Even if a person with mild or very mild dementia is deemed competent to drive, driving skills can deteriorate rapidly. Therefore, cognition and road test skills should be frequently re-evaluated, possibly as often as every six months.
Signs of trouble
Perhaps the simplest way to determine if a person with mild dementia is fit to drive is to let common sense be your guide. Many warning signs, from subtle to strong, indicate that an individual shouldn’t be driving. These include:
• Driving too slowly or too fast
• Receiving traffic tickets
• Being honked at or yelled at by other drivers
• Becoming upset or angry while driving
• Dents, dings, or scraped paint on the car, mailbox, or garage
• Misunderstanding or not noticing signs on the road
• Getting lost in familiar places
• Stopping at a green light
• Changing lanes without looking
• Drifting into another lane
• Having difficulty making left turns
• Misjudging distances
• Mistaking the gas pedal for the brake
• Causing any crash or near crash
You can also follow the “grandchild test”: If you would not feel safe having this person drive his or her grandchild, it’s time to have a talk about handing over the keys.
Having “the talk”
Ideally, conversations about an inevitable decline in driving ability should begin long before deteriorating skills become a crisis. Starting these talks early allows the person to adjust to the idea that eventually he or she will need to stop driving.
Also, discuss the importance of periodic reassessments of driving performance and changes in driving habits that may be necessary over time, such as no driving at night or driving only for short distances. You can also make plans for alternative means of transportation.
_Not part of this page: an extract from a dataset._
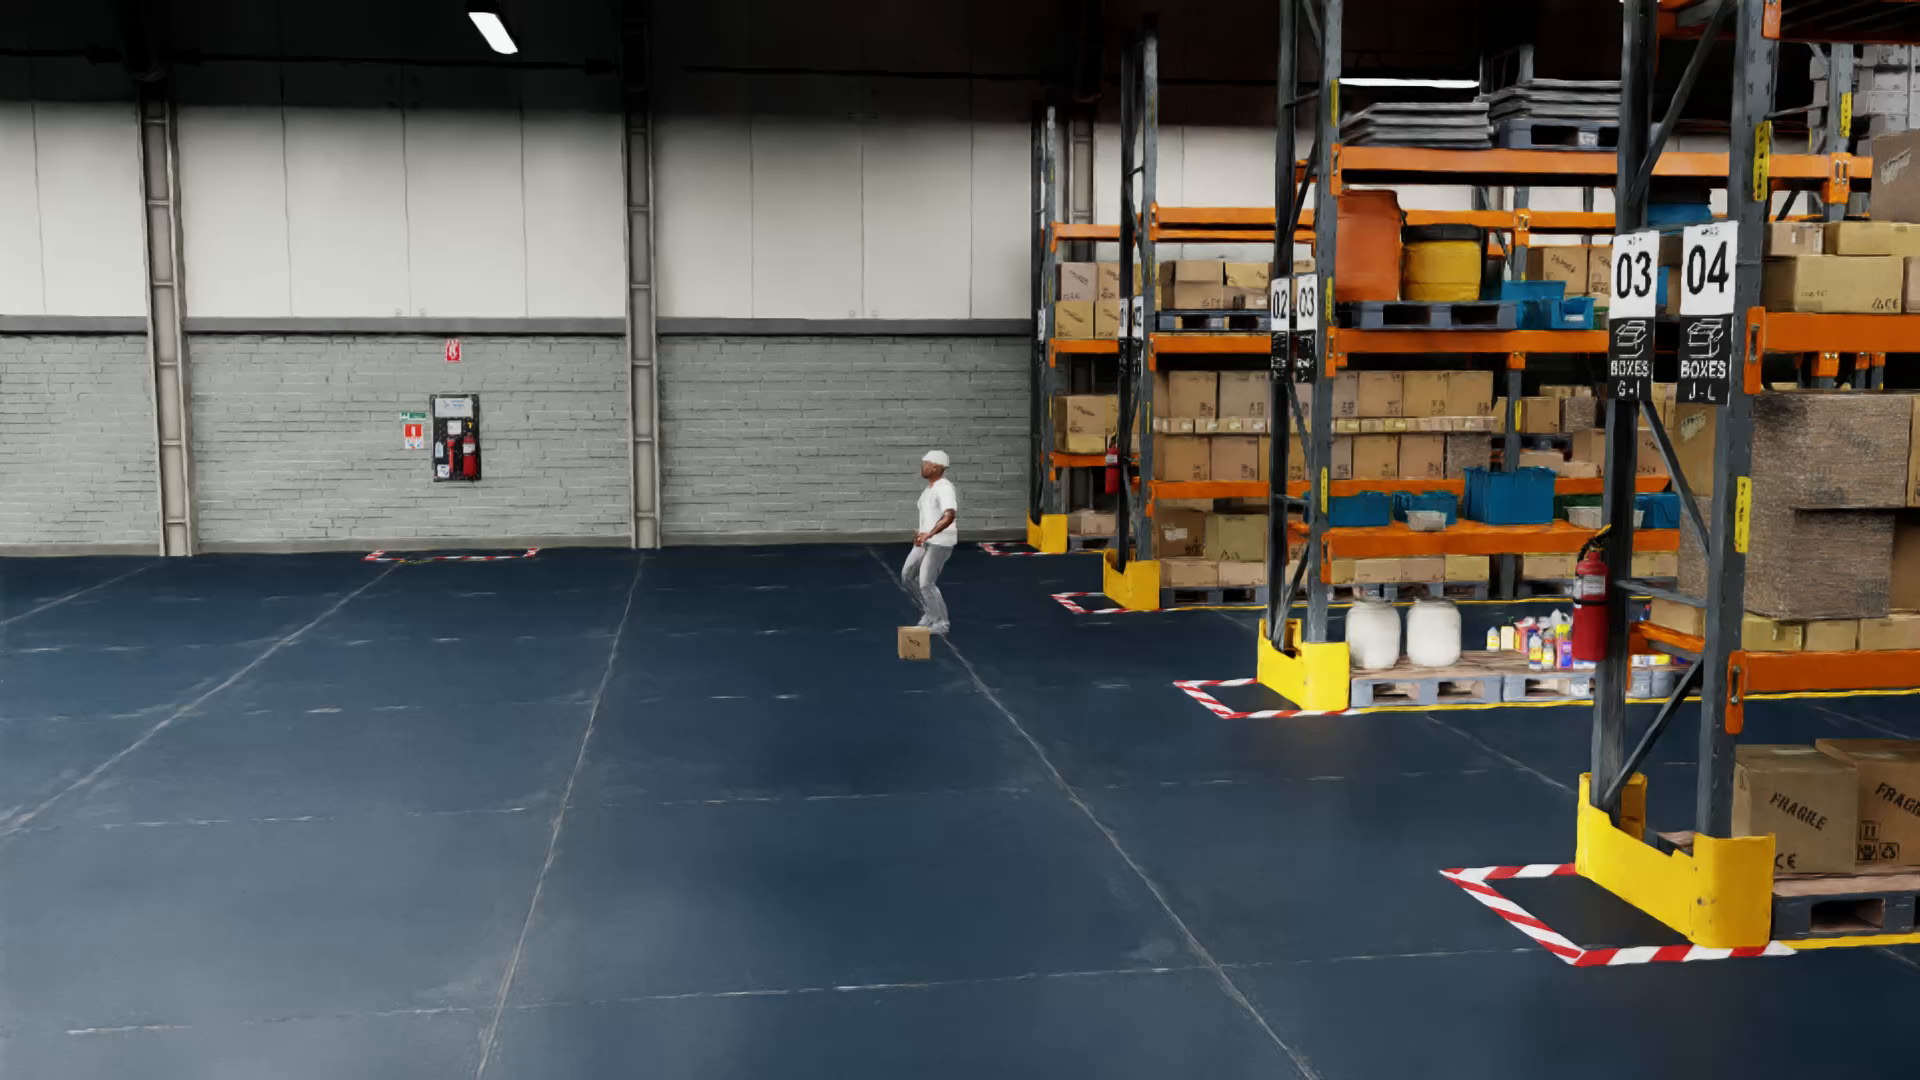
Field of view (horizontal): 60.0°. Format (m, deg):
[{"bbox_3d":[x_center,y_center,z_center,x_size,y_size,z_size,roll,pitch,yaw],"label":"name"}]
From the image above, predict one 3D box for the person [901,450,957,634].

What do you do when an obviously impaired family member refuses to stop driving? It may be easier for the person to accept the decision if it comes from a neutral party, such as the family physician.
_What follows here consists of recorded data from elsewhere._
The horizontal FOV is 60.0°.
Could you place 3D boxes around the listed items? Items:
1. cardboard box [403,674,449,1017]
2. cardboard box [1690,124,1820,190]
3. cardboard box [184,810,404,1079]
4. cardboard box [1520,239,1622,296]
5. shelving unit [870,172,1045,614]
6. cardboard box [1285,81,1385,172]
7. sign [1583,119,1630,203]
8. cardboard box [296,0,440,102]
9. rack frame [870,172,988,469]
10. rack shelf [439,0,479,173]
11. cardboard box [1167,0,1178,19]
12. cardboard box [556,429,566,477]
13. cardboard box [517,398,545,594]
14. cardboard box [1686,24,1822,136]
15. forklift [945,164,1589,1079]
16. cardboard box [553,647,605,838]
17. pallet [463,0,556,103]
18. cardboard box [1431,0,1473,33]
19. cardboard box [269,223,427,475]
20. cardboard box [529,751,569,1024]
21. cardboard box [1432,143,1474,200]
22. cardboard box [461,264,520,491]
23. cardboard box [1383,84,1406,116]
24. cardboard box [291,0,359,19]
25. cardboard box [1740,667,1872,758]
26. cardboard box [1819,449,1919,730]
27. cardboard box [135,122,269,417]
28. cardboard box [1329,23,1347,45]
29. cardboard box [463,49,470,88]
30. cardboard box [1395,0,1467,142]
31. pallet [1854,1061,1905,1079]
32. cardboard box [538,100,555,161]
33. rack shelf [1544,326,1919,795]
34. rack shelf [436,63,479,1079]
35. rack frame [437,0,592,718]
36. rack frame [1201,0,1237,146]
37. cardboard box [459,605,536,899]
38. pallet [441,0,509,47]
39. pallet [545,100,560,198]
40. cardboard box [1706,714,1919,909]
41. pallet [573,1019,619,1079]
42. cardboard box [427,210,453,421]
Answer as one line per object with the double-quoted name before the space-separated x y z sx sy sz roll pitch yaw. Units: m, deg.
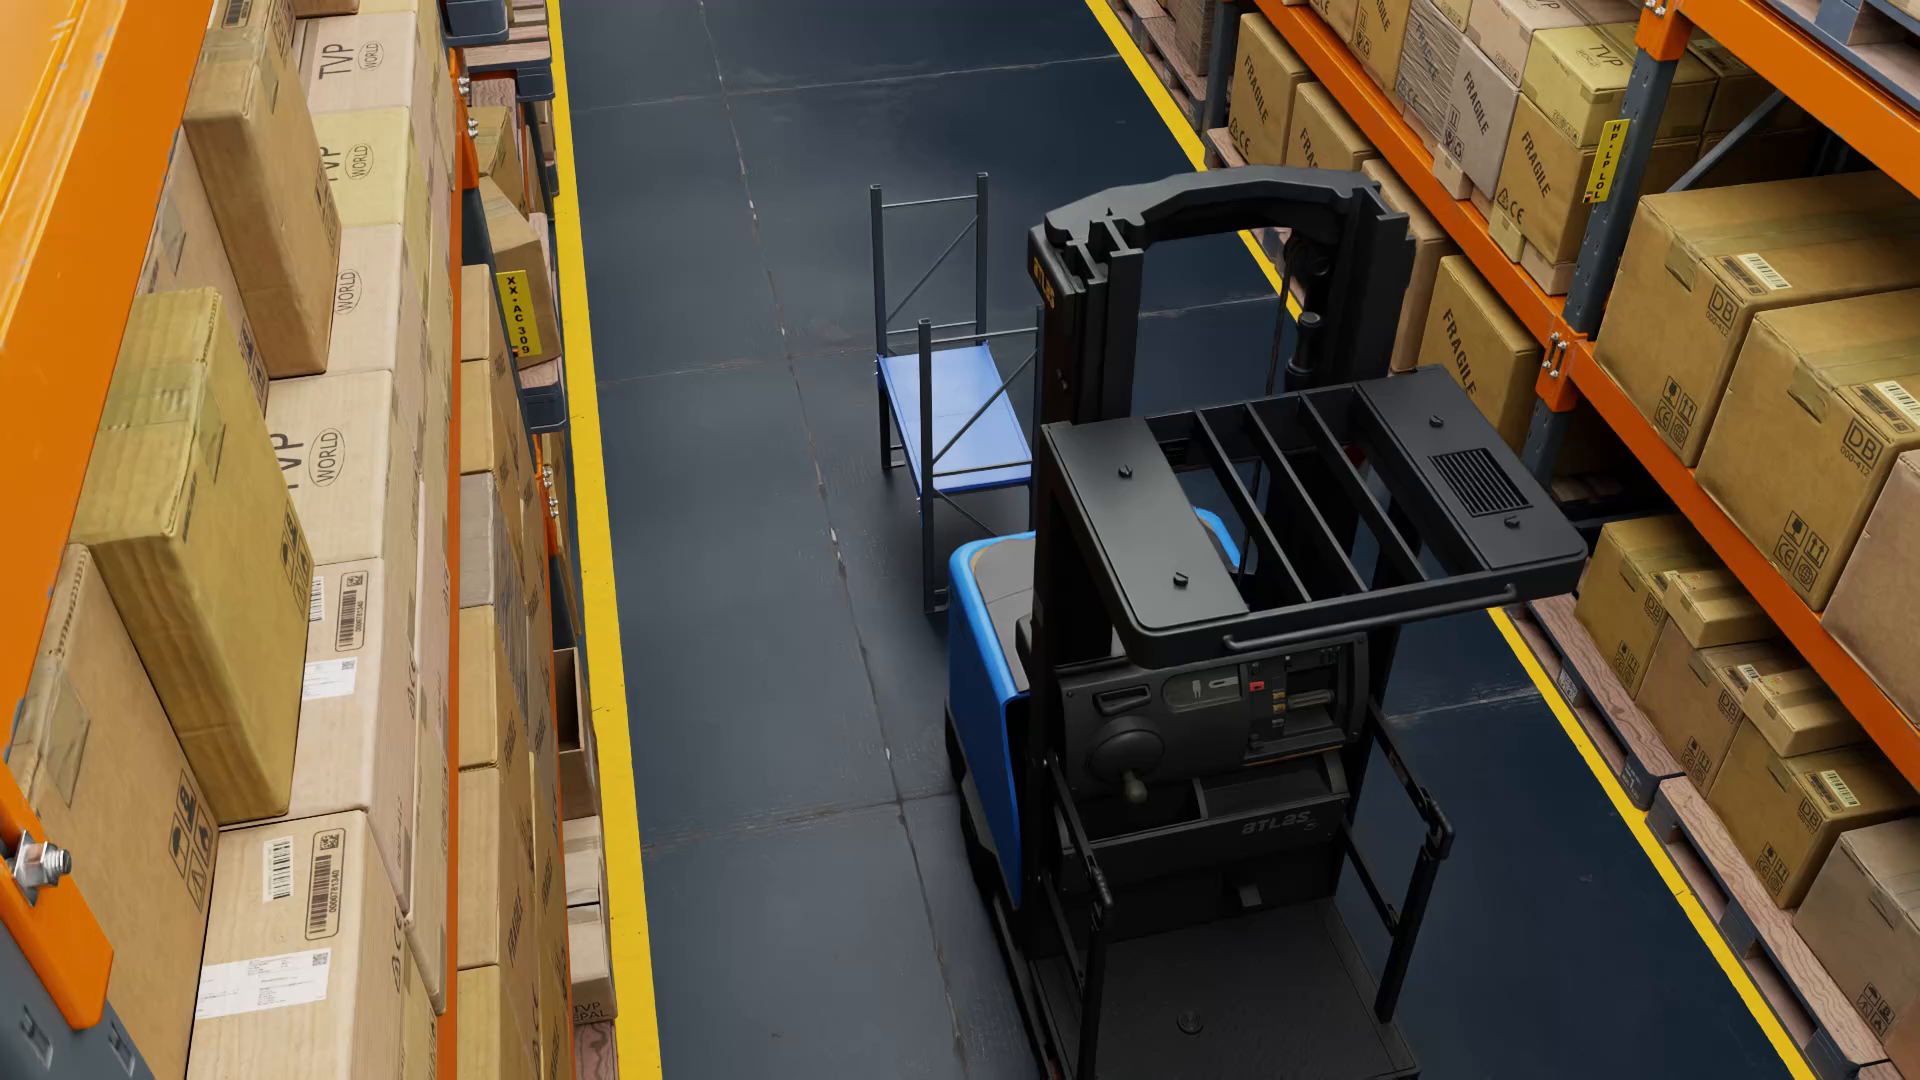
"cardboard box" -1.070 0.500 2.563 0.500 0.250 0.500 -8 42 -9
"cardboard box" 3.007 -1.535 6.687 0.500 0.500 0.500 -10 43 -11
"cardboard box" -0.969 0.638 2.031 0.500 0.250 0.500 -8 42 -9
"cardboard box" 2.511 -1.136 6.727 0.380 0.149 0.250 -8 42 -9
"shelving unit" -0.018 -0.616 7.096 0.538 1.500 1.048 -8 42 -9
"cardboard box" 2.211 -1.926 8.745 0.750 0.750 0.750 -9 42 -9
"sign" 2.333 -1.364 5.996 0.100 0.325 0.005 -8 42 -9
"cardboard box" -1.606 -1.308 4.223 0.500 0.250 0.500 -8 42 -9
"rack frame" -0.128 -0.946 7.467 0.500 1.500 0.032 -8 42 -9
"rack shelf" -2.407 -2.481 6.350 1.077 0.370 4.000 -8 42 -9
"cardboard box" 1.793 -3.677 10.966 0.700 0.500 0.500 -8 42 -9
"cardboard box" -2.069 -0.579 7.477 0.500 0.500 0.500 -8 42 -9
"cardboard box" -1.617 -0.082 5.290 0.500 0.500 0.500 -8 42 -9
"cardboard box" 3.016 -1.816 6.439 0.500 0.250 0.500 -7 42 -8
"forklift" 0.797 0.594 4.655 1.130 2.935 3.031 -9 42 -10
"cardboard box" -1.576 0.767 5.960 0.500 0.500 0.500 -8 42 -9
"pallet" -2.624 -2.424 8.147 1.213 0.211 1.003 -8 42 -9
"cardboard box" 2.299 -2.410 7.108 0.500 0.250 0.500 -8 42 -8
"cardboard box" -1.288 -0.335 3.127 0.500 0.250 0.500 -8 42 -9
"cardboard box" -1.279 0.914 4.167 0.500 0.500 0.500 -8 42 -9
"cardboard box" 2.307 -1.634 7.287 0.380 0.149 0.250 -8 42 -9
"cardboard box" -1.614 -0.453 4.954 0.500 0.500 0.500 -8 42 -9
"cardboard box" 2.234 -2.140 7.857 0.380 0.149 0.250 -7 42 -8
"cardboard box" -1.833 -1.555 3.936 0.700 0.500 0.500 -8 42 -9
"cardboard box" 2.930 0.577 5.700 0.380 0.149 0.250 -9 42 -11
"cardboard box" 3.280 0.142 4.887 0.980 0.700 0.700 -10 43 -11
"cardboard box" -1.477 -0.248 2.464 0.700 0.500 0.500 -8 42 -9
"cardboard box" 2.102 -2.643 8.424 0.380 0.149 0.250 -7 42 -8
"cardboard box" -2.582 -2.107 7.254 0.700 0.500 0.500 -1 42 -1
"cardboard box" 2.295 -2.120 7.346 0.500 0.500 0.500 -8 42 -9
"pallet" 3.475 2.084 5.025 1.003 0.211 1.213 -8 42 -9
"cardboard box" -2.665 -2.435 9.771 0.500 0.250 0.500 -8 42 -9
"rack shelf" 3.292 0.521 5.227 1.077 0.370 4.000 -8 42 -9
"rack shelf" -1.544 0.112 3.429 1.077 0.370 4.000 -8 42 -9
"rack frame" -1.976 -0.332 5.646 1.000 3.000 0.127 -8 42 -9
"rack frame" 1.997 -3.637 9.370 1.000 3.000 0.127 -8 42 -9
"cardboard box" -1.284 0.532 3.844 0.500 0.500 0.500 -9 42 -10
"pallet" -2.048 -1.816 5.200 1.213 0.211 1.003 -8 42 -9
"pallet" -2.979 -2.421 10.100 1.003 0.211 1.213 -8 42 -9
"cardboard box" 3.136 0.892 5.834 0.700 0.500 0.500 -7 42 -8
"pallet" -1.562 1.949 5.178 1.003 0.211 1.213 -8 42 -9
"cardboard box" -1.397 -0.472 3.658 0.500 0.250 0.500 -8 42 -9

The doctor can discuss the personal and financial risks involved in driving while cognitively impaired and can write out a “prescription” that says “No Driving.”
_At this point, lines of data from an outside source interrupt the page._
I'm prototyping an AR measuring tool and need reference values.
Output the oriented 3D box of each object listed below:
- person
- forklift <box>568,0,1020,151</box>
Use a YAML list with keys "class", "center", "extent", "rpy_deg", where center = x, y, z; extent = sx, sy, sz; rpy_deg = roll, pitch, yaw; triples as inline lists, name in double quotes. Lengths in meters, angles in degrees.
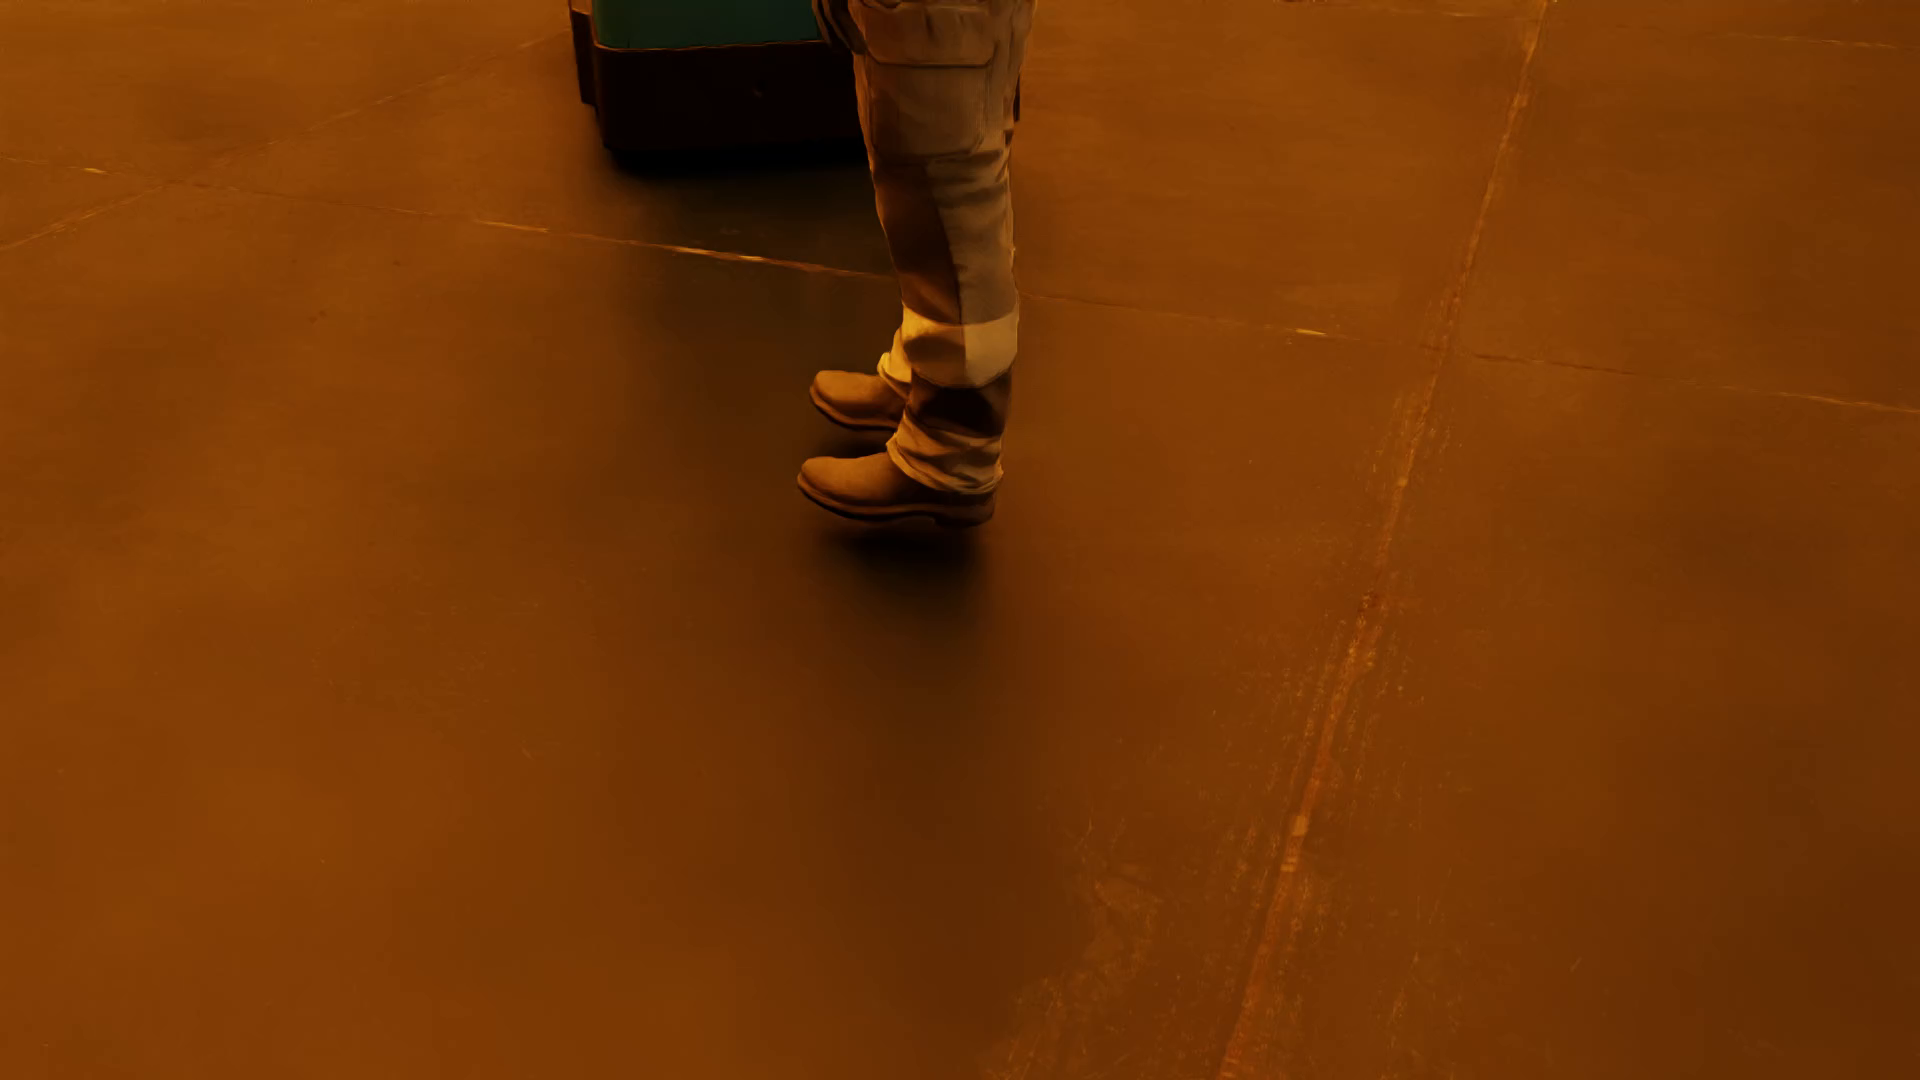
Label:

Involving the physician may also save your loved one—and innocent bystanders—from harm. According to a study in The New England Journal of Medicine, physicians’ warnings to patients who are potentially unfit to drive reduced the risk of serious road crashes.
Healthcare professionals in some states are required to report to the state’s DMV that a person in their care has a medical condition that interferes with driving ability. The state may then test the person and revoke his or her driver’s license if that is appropriate.
If mandatory reporting isn’t required in your state, you can contact the DMV independently to find out what steps can be taken to get an impaired driver off the road.
In some cases, you may have to use drastic measures: Hide the car keys, disable the car by removing the battery or distributor cap, park the car where the person can’t see it, or sell the vehicle.
If appropriate and financially feasible, moving your loved one to an assisted living facility also can solve the problem. Many facilities provide transportation to grocery stores, doctors’ appointments, and community events, which enables your loved one to continue to feel socially engaged and independent.